On June 6, 2007 the bill was referred to the Subcommittee on Health where it awaited review.
On February 13, 2009, the Help Efficient, Accessible, Low-cost, Timely Healthcare (HEALTH) Act of 2009 (H.R. 1086) was reintroduced in the House for the 111th Congress. The bill was referred to the House Energy and Commerce on the same day where it is currently awaiting review.
(1) Richard E. Anderson, M.D., “Defending the Practice of Medicine,” Archives of Internal Medicine, Vol. 164, No. 11 (June 14, 2004), p. 1174.
(2) David M. Studdert, Michelle M. Mello, and Troyen A. Brennan, “Medical Malpractice,” The New England Journal of Medicine, Vol. 350, No. 3 (January 15, 2004), p. 285.
(3) William E. Encinosa and Fred J. Hellinger, “ Have State Caps on Malpractice Awards Increased the Supply of Physicians?” Health Affairs Web Exclusive (May 31, 2005).

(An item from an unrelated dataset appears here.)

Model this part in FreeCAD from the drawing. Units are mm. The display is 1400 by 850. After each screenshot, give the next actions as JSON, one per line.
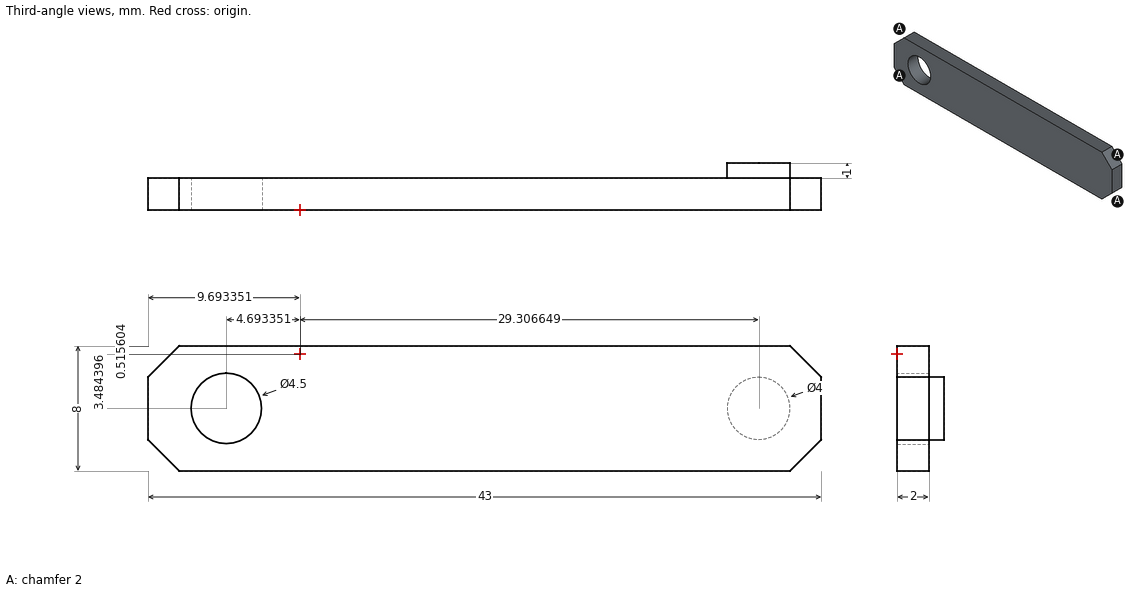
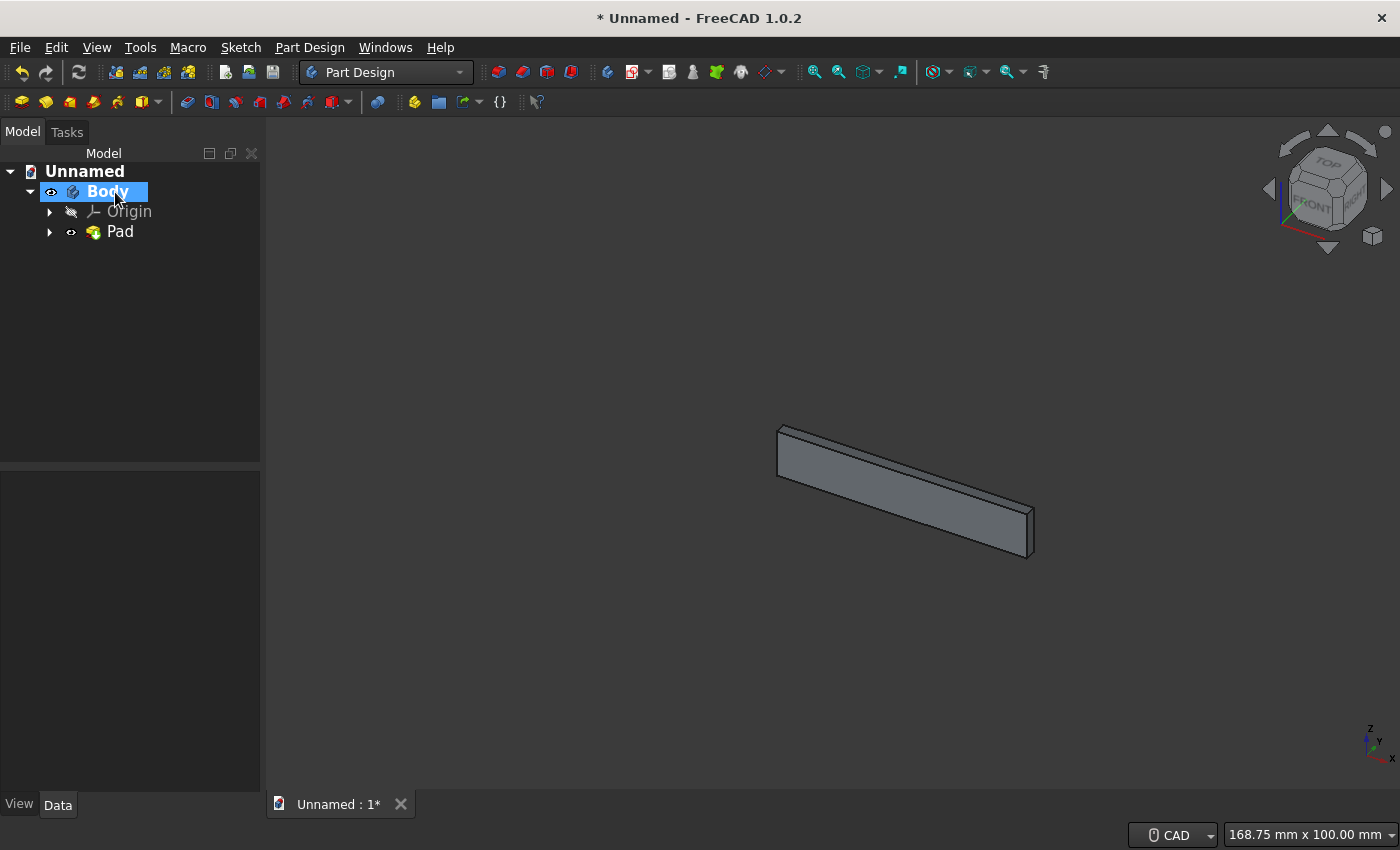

(4) Kenneth E. Thorpe, “ The Medical Malpractice ‘Crisis’: Recent Trends and The Impact of State Tort Reforms,” Health Affairs Web Exclusive (January 21, 2004).
Inglis Position:
I voted for HR 5. Patients injured by negligent doctors should have the ability to recover economic damages and receive reasonable awards for pain and suffering. However, medical liability reform is needed to ensure that doctors can afford to practice and patients have access to the specialists they need.
Steven Johnson (7/28/08)
Mr. Inglis, how does a cap of $250k for a child who becomes paralyzed at the hands of a surgeon prevent frivolous lawsuits? Is that fair for him? How about your paralyzed child? Aren't you simply protecting insurance companies? The GAO said medical lawsuits only account for 1/2 of 1% of ALL medical costs. Why is that so bad? When you or your company(ies) needs to sue someone, will you pledge to limit you or your family’s recovery to $250k?